Dr. Ioannis Kyriakou
Cass Business School
Ioannis Kyriakou is a senior lecturer in Actuarial Finance at Cass Business School. He holds a B.Sc. in actuarial science from Cass Business School and an M.Sc. in risk and stochastics from London School of Economics and Political Science. He completed his Ph.D. in finance at Cass Business School and joined as a lecturer at the Faculty of Actuarial Science and Insurance in 2011. In 2016, he was also appointed as a visiting professor at the Università del Piemonte Orientale. Previously, he worked for Lloyd’s Treasury and Investment Management on Lloyd’s Investment Risk Model for measuring the market and credit risks under the Solvency II Directive.

Dr. Laura Ballotta
Cass Business School
Laura Ballotta's research interests are in the areas of mathematical finance, risk management, and financial engineering, with particular focus on problems of practical relevance in current financial markets conditions, such as counterparty credit risk (CCR) valuation and collateral design, and development of realistic models for the dynamics of the relevant risk drivers which also recognize the interdependence in place between them. Laura obtained her Ph.D. in mathematical and computational methods for economics and finance from the Università degli Studi di Bergamo (Italy). She has previously held positions at Università Cattolica del Sacro Cuore, Piacenza (Italy), and Department of Actuarial Science and Statistics, City University London (UK). Laura graduated with a B.Sc. in economics from Università Cattolica del Sacro Cuore, Piacenza (Italy), and an M.Sc. in financial mathematics from the University of Edinburgh, jointly awarded with Heriot-Watt University (UK).

Dr. Gianluca Fusai
Cass Business School
Gianluca Fusai is a reader in mathematical finance and holds a position in financial mathematics at the Università del Piemonte Orientale. He holds a Ph.D. in finance from Warwick Business School, an M.Sc. in statistics and operational research from the University of Essex and a B.Sc. in economics from Bocconi University. His research interests focus on financial engineering, numerical methods for finance, portfolio selection, and energy markets. He has published extensively on these topics in Mathematical Finance, Finance and Stochastics, Quantitative Finance, Journal of Banking and Finance, Journal of Computational Finance, Risk, Annals of Applied Probability, and the International Journal of Theoretical and Applied Finance. Gianluca has co-authored the textbook Implementing Models in Quantitative Finance (Springer Finance) and has worked as a consultant in the public and private sectors.

Jaramir Benes
GPM Network
Jaromir Benes has been in the macroeconomic modelling profession for more than 15 years, working for several central banks and international organizations. He works on macro-financial projects for the International Monetary Fund and the Global Projection Model network. He is the author of IRIS, a MATLAB based toolbox for macromodeling.

Ali Habibnia
London School of Economics and Political Science
Ali Habibnia is working towards a Ph.D. in statistics (time series and statistical learning) at the London School of Economics and Political Science. He received his M.Sc. in quantitative finance from Cass Business School, and he also holds an M.Sc. and a B.A. in economics from the University of Tehran. His research focuses on the intersection of machine learning and big data econometrics, with a particular interest in the high-dimensional nonlinear time-series analysis and their applications in financial forecasting. Ali worked as a trader and portfolio strategist for four years and developed different trading strategies and algorithms. He has been appointed as an assistant professor of big data economics at Virginia Tech for the upcoming academic year.

Paul Bassan
Aspen Re
In 2015, Paul joined Aspen Re as an actuarial analyst to implement a new MATLAB based reinsurance pricing system. He obtained a B.Sc. in physics at the University of Warwick, followed by an M.Sc. and Ph.D. in physics at the University of Manchester. His doctoral thesis was on the interaction of radiation with scattering particles. Paul then went on to become a post-doctoral researcher at the Manchester Institute of Biotechnology where he focused on algorithm development and machine learning for a next generation cancer detection system.

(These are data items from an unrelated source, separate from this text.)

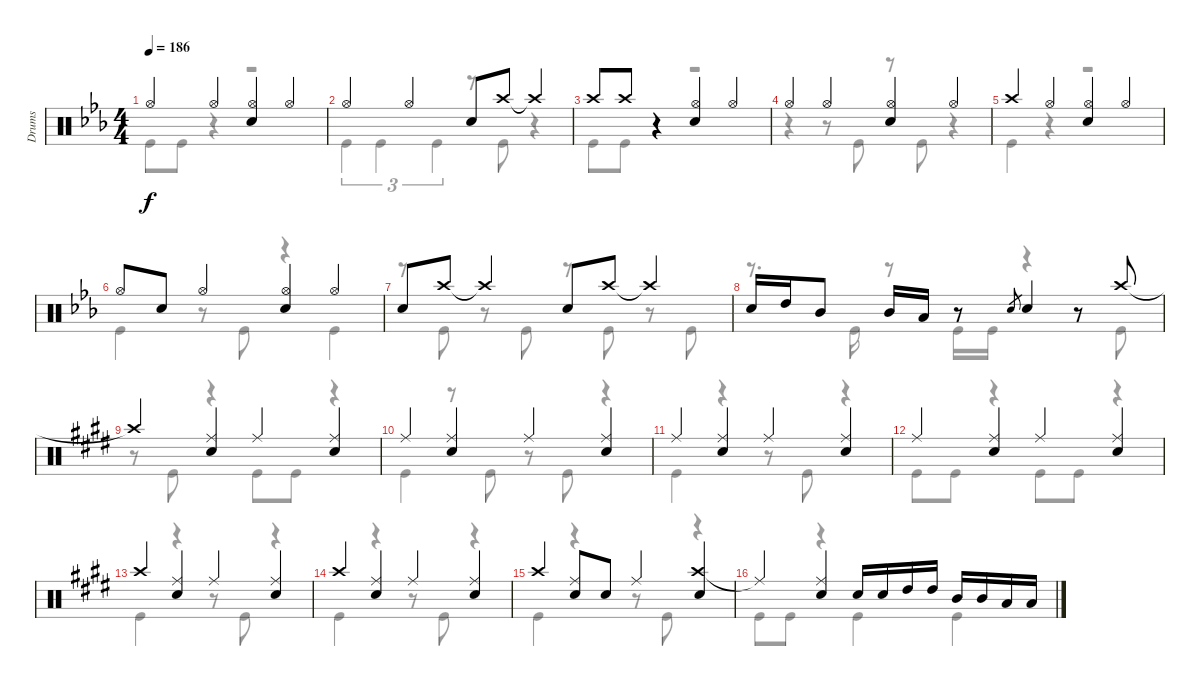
\track ("Drums" "Drums") {instrument percussion}
\staff {score}
\articulation defaults
\voice
\ts (4 4)
\tempo 186
\clef neutral
\ks eb "Hi-Hat (open)".4{dy f beam Up} "Hi-Hat (open)".4{beam Up}
("Hi-Hat (open)" "Snare (hit) 2").4{beam Up} "Hi-Hat (open)".4{beam Up} |
"Hi-Hat (open)".4{beam Up} "Hi-Hat (open)".4{beam Up} "Snare (hit) 2".8{beam Up} "Crash high (hit)".8{beam Up} "Crash high (hit)"{t}.4{beam Up} |
"Crash high (hit)".8{beam Up} "Crash high (hit)".8{beam Up} r.4 ("Hi-Hat (open)" "Snare (hit) 2").4{beam Up} "Hi-Hat (open)".4{beam Up} |
"Hi-Hat (open)".4{beam Up} "Hi-Hat (open)".4{beam Up} ("Hi-Hat (open)" "Snare (hit) 2").4{beam Up} "Hi-Hat (open)".4{beam Up} |
"Crash high (hit)".4{beam Up} "Hi-Hat (open)".4{beam Up} ("Hi-Hat (open)" "Snare (hit) 2").4{beam Up} "Hi-Hat (open)".4{beam Up} |
"Hi-Hat (open)".8{beam Up} "Snare (hit) 2".8{beam Up} "Hi-Hat (open)".4{beam Up} ("Hi-Hat (open)" "Snare (hit) 2").4{beam Up} "Hi-Hat (open)".4{beam Up} |
"Snare (hit) 2".8{beam Up} "Crash high (hit)".8{beam Up} "Crash high (hit)"{t}.4{beam Up} "Snare (hit) 2".8{beam Up} "Crash high (hit)".8{beam Up} "Crash high (hit)"{t}.4{beam Up} |
"Snare (hit) 2".16{beam Up} "High Tom (hit)".16{beam Up} "Mid Tom (hit)".8{beam Up} "Mid Tom (hit)".16{beam Up} "Low Tom (hit)".16{beam Up} r.8 "Snare (hit) 2".8{gr} "Snare (hit) 2".4{beam Up} r.8 "Crash high (hit)".8{beam Up} |
\ks e "Crash high (hit)"{t}.4{beam Up}
("Ride (middle)" "Snare (hit) 2").4{beam Up} "Ride (middle)".4{beam Up} ("Ride (middle)" "Snare (hit) 2").4{beam Up} |
"Ride (middle)".4{beam Up} ("Ride (middle)" "Snare (hit) 2").4{beam Up} "Ride (middle)".4{beam Up} ("Ride (middle)" "Snare (hit) 2").4{beam Up} |
"Ride (middle)".4{beam Up} ("Ride (middle)" "Snare (hit) 2").4{beam Up} "Ride (middle)".4{beam Up} ("Ride (middle)" "Snare (hit) 2").4{beam Up} |
"Ride (middle)".4{beam Up} ("Ride (middle)" "Snare (hit) 2").4{beam Up} "Ride (middle)".4{beam Up} ("Ride (middle)" "Snare (hit) 2").4{beam Up} |
"Crash high (hit)".4{beam Up} ("Ride (middle)" "Snare (hit) 2").4{beam Up} "Ride (middle)".4{beam Up} ("Ride (middle)" "Snare (hit) 2").4{beam Up} |
"Crash high (hit)".4{beam Up} ("Ride (middle)" "Snare (hit) 2").4{beam Up} "Ride (middle)".4{beam Up} ("Ride (middle)" "Snare (hit) 2").4{beam Up} |
"Crash high (hit)".4{beam Up} ("Ride (middle)" "Snare (hit) 2").8{beam Up} "Snare (hit) 2".8{beam Up} "Ride (middle)".4{beam Up} ("Crash high (hit)" "Snare (hit) 2").4{beam Up} |
"Ride (middle)"{t}.4{beam Up} ("Ride (middle)" "Snare (hit) 2").4{beam Up} "Snare (hit) 2".16{beam Up} "Snare (hit) 2".16{beam Up} "High Tom (hit)".16{beam Up} "High Tom (hit)".16{beam Up} "Mid Tom (hit)".16{beam Up} "Mid Tom (hit)".16{beam Up} "Low Tom (hit)".16{beam Up} "Low Tom (hit)".16{beam Up}
\voice
\clef neutral
\ottava regular
\simile none
\ks eb "Kick (hit)".8{dy f} "Kick (hit)".8
r.4 r.2 |
"Kick (hit)".4{tu (3 2)} "Kick (hit)".4{tu (3 2)} "Kick (hit)".4{tu (3 2)} r.8 "Kick (hit)".8 r.4 |
"Kick (hit)".8 "Kick (hit)".8 r.4 r.2 |
r.4 r.8 "Kick (hit)".8 r.8 "Kick (hit)".8 r.4 |
"Kick (hit)".4 r.4 r.2 |
"Kick (hit)".4 r.8 "Kick (hit)".8 r.4 "Kick (hit)".4 |
r.8 "Kick (hit)".8 r.8 "Kick (hit)".8 r.8 "Kick (hit)".8 r.8 "Kick (hit)".8 |
r.8{d} "Kick (hit)".16 r.8 "Kick (hit)".16 "Kick (hit)".16 r.4 r.8 "Kick (hit)".8 |
\ks e
r.8 "Kick (hit)".8 r.4 "Kick (hit)".8 "Kick (hit)".8 r.4 |
"Kick (hit)".4 r.8 "Kick (hit)".8 r.8 "Kick (hit)".8 r.4 |
"Kick (hit)".4 r.4 r.8 "Kick (hit)".8 r.4 |
"Kick (hit)".8 "Kick (hit)".8 r.4 "Kick (hit)".8 "Kick (hit)".8 r.4 |
"Kick (hit)".4 r.4 r.8 "Kick (hit)".8 r.4 |
"Kick (hit)".4 r.4 r.8 "Kick (hit)".8 r.4 |
"Kick (hit)".4 r.4 r.8 "Kick (hit)".8 r.4 |
"Kick (hit)".8 "Kick (hit)".8 r.4 "Kick (hit)".4 "Kick (hit)".4

Liliana Agapito de Sousa Medina
MathWorks
Liliana Agapito de Sousa Medina is a software developer specializing in text analytics. Before joining MathWorks, Liliana worked as a data scientist on applications for automated data collection, information extraction, and predictive modelling, with a focus on text data and NLP. Liliana holds an M.Sc. in electrical and computer engineering from the Instituto Superior Técnico of the University of Lisbon.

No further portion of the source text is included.